01/03/2018 Posted by IAPF

From 2022, employees without private pensions will be enrolled automatically in a retirement savings scheme in order to address the massive pensions deficit looming over the country.

Those who do not want to avail of the scheme will have to opt out, it was confirmed.

Also planned is a move to a “total contributions approach” for the State (contributory) pension from 2020, replacing the controversial “yearly average” approach.

Revealing the most radical plans in decades, Social Protection Minister Regina Doherty said it was “increasingly clear that people in the private sector are not saving enough, or at all” for their retirement.

The plans will see all private sector workers over a certain age and income level automatically signed up for a pension into which the employee, the employer, and the State will contribute.

From 2020, the Government will reform the State contributory pension so that entitlement is based on the total number of PRSI contributions made over a person’s working life.

The Government also proposes to link future increases in the State pension to inflation to ensure it continues to be paid at a rate of 34% of average earnings as well as allowing people to work longer — deferring their State pension in return for a larger payment later in life.

Further increases in the State pension age before 2035 have been ruled out, meaning that people will be eligible for the State pension at age 66 up to 2021, 67 from 2021 to 2028 and 68 from 2028 onwards.

Taoiseach Leo Varadkar said: “Thankfully we are all living longer... This is a very welcome development.
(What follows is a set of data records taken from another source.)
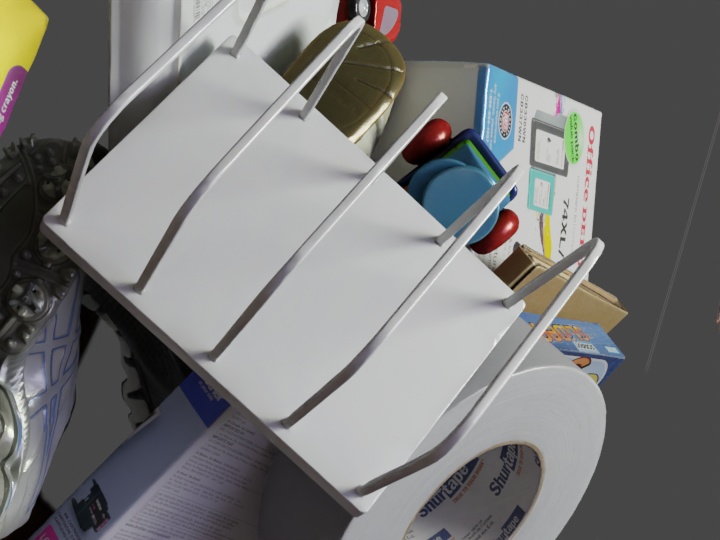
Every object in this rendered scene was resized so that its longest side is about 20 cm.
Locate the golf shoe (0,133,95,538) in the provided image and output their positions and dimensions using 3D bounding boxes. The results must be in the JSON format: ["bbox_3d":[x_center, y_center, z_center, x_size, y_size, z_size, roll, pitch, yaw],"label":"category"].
[{"bbox_3d":[-0.171,0.035,0.656,0.097,0.078,0.202,58,46,-72],"label":"golf shoe"}]

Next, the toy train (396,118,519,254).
[{"bbox_3d":[0.000,0.000,0.768,0.085,0.199,0.116,52,9,-4],"label":"toy train"}]

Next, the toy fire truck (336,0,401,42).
[{"bbox_3d":[0.016,-0.248,0.931,0.141,0.048,0.202,-4,98,-59],"label":"toy fire truck"}]

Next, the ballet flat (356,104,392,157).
[{"bbox_3d":[-0.034,-0.062,0.789,0.200,0.069,0.070,-43,133,-18],"label":"ballet flat"}]

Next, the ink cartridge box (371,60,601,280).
[{"bbox_3d":[0.064,-0.057,0.941,0.199,0.145,0.148,4,90,-59],"label":"ink cartridge box"}]

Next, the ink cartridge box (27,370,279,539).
[{"bbox_3d":[-0.086,0.118,0.714,0.200,0.042,0.119,-44,145,7],"label":"ink cartridge box"}]

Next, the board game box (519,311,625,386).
[{"bbox_3d":[0.065,0.083,0.837,0.199,0.035,0.136,9,127,-48],"label":"board game box"}]

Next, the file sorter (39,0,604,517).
[{"bbox_3d":[-0.016,-0.018,0.591,0.200,0.125,0.139,42,64,-1],"label":"file sorter"}]

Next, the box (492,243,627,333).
[{"bbox_3d":[0.076,0.075,0.896,0.200,0.021,0.163,-46,149,14],"label":"box"}]

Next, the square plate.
[{"bbox_3d":[-0.057,-0.163,0.691,0.198,0.028,0.201,-41,147,-48],"label":"square plate"}]

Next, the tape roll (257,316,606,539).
[{"bbox_3d":[0.042,0.118,0.738,0.199,0.066,0.202,-26,137,-27],"label":"tape roll"}]

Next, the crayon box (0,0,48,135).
[{"bbox_3d":[-0.231,-0.069,0.533,0.173,0.058,0.202,46,55,-50],"label":"crayon box"}]

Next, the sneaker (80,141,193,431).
[{"bbox_3d":[-0.103,0.018,0.726,0.067,0.090,0.201,-52,136,-44],"label":"sneaker"}]

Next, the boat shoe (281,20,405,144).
[{"bbox_3d":[-0.050,-0.052,0.711,0.201,0.072,0.066,-49,176,-27],"label":"boat shoe"}]
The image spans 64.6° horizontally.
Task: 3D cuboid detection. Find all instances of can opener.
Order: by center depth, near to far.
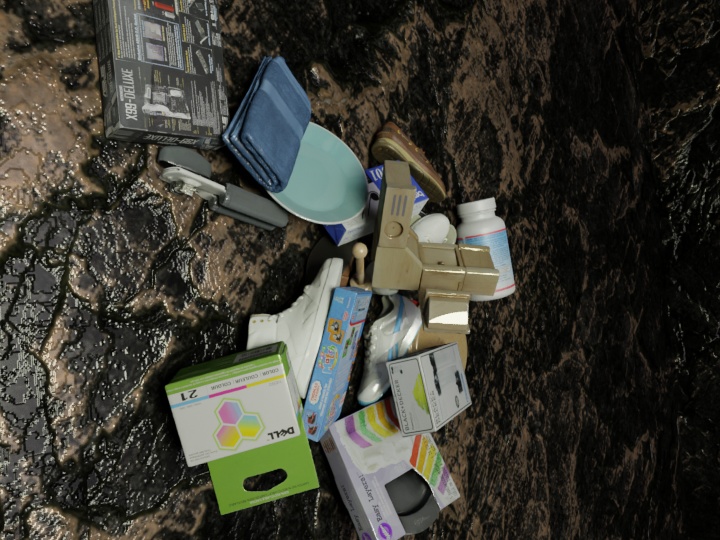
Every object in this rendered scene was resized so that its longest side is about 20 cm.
[{"bbox_3d":[-0.181,-0.109,0.778,0.198,0.052,0.068,24,66,-43],"label":"can opener"}]

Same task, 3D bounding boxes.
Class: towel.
[{"bbox_3d":[-0.125,-0.211,0.813,0.112,0.047,0.204,51,34,-37],"label":"towel"}]

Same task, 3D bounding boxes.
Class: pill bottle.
[{"bbox_3d":[0.260,-0.045,1.208,0.107,0.107,0.206,-16,98,-46],"label":"pill bottle"}]

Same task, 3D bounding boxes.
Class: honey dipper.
[{"bbox_3d":[0.000,0.000,0.884,0.201,0.037,0.039,89,13,-69],"label":"honey dipper"}]

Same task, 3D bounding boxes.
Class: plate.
[{"bbox_3d":[-0.078,-0.149,0.870,0.196,0.026,0.205,18,51,-23],"label":"plate"}]

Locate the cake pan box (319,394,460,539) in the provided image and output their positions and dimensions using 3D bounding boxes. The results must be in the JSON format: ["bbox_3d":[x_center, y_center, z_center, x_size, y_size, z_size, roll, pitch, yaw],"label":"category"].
[{"bbox_3d":[0.047,0.313,0.903,0.181,0.052,0.204,-12,69,-36],"label":"cake pan box"}]

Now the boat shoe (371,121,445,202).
[{"bbox_3d":[0.103,-0.204,1.082,0.199,0.071,0.069,37,62,-35],"label":"boat shoe"}]

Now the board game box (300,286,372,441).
[{"bbox_3d":[-0.033,0.127,0.828,0.151,0.036,0.206,11,94,-81],"label":"board game box"}]

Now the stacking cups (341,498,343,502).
[{"bbox_3d":[0.043,0.315,0.964,0.201,0.059,0.061,-51,120,-38],"label":"stacking cups"}]

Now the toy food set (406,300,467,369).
[{"bbox_3d":[0.142,0.148,1.100,0.197,0.048,0.204,40,59,-37],"label":"toy food set"}]

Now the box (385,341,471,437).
[{"bbox_3d":[0.118,0.190,0.941,0.199,0.059,0.120,3,73,-63],"label":"box"}]

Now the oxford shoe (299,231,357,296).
[{"bbox_3d":[-0.052,0.018,0.909,0.072,0.069,0.204,74,31,-55],"label":"oxford shoe"}]

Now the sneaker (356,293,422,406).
[{"bbox_3d":[0.035,0.134,0.978,0.080,0.076,0.203,33,64,-12],"label":"sneaker"}]

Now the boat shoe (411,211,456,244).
[{"bbox_3d":[0.088,-0.084,1.066,0.196,0.067,0.074,18,97,-31],"label":"boat shoe"}]

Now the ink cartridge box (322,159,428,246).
[{"bbox_3d":[0.016,-0.118,0.951,0.197,0.044,0.095,-24,70,-38],"label":"ink cartridge box"}]

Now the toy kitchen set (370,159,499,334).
[{"bbox_3d":[0.121,-0.032,0.836,0.165,0.194,0.184,-92,-173,-52],"label":"toy kitchen set"}]

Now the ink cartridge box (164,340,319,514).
[{"bbox_3d":[-0.140,0.210,0.713,0.144,0.076,0.206,-14,96,-3],"label":"ink cartridge box"}]

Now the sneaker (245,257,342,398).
[{"bbox_3d":[-0.098,0.062,0.798,0.074,0.112,0.205,89,18,-68],"label":"sneaker"}]

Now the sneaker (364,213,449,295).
[{"bbox_3d":[0.096,-0.023,1.004,0.200,0.080,0.071,-43,118,-16],"label":"sneaker"}]

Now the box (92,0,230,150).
[{"bbox_3d":[-0.249,-0.265,0.724,0.155,0.049,0.207,-6,89,-47],"label":"box"}]
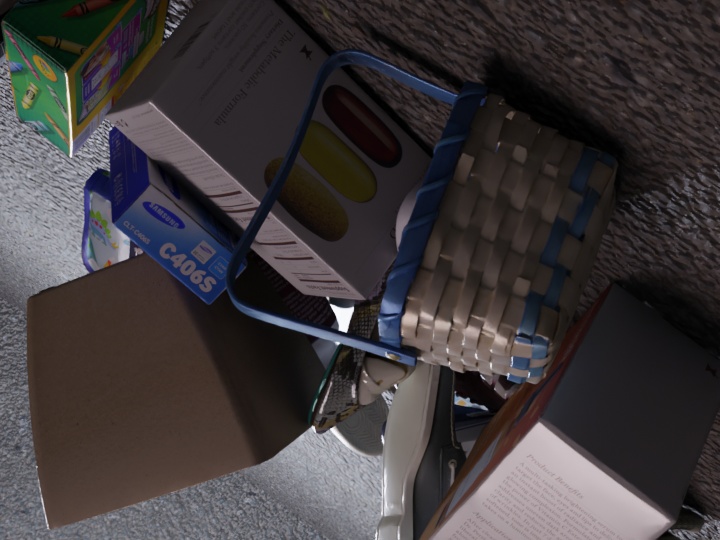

Nonetheless, a population that is living longer brings with it its own policy challenges.

“It is important and timely that we now move to establish a more equitable and transparent State pension system,” he added.

Jerry Moriarty, chief executive of the Irish Association of Pension Funds (IAPF), said the changes to the system have been long called for.

“The pensions community has been crying out for a simplification of pension and tax rules for some time. There are currently too many rules which confuse and frustrate those attempting to save for retirement,” he said.

“We are hopeful that these reforms will deal with much of this unnecessary complexity.”

The change from defined benefit to defined contribution schemes has placed a lot of responsibility on individuals, so it’s important that they can easily understand the decisions that they need to make, he added.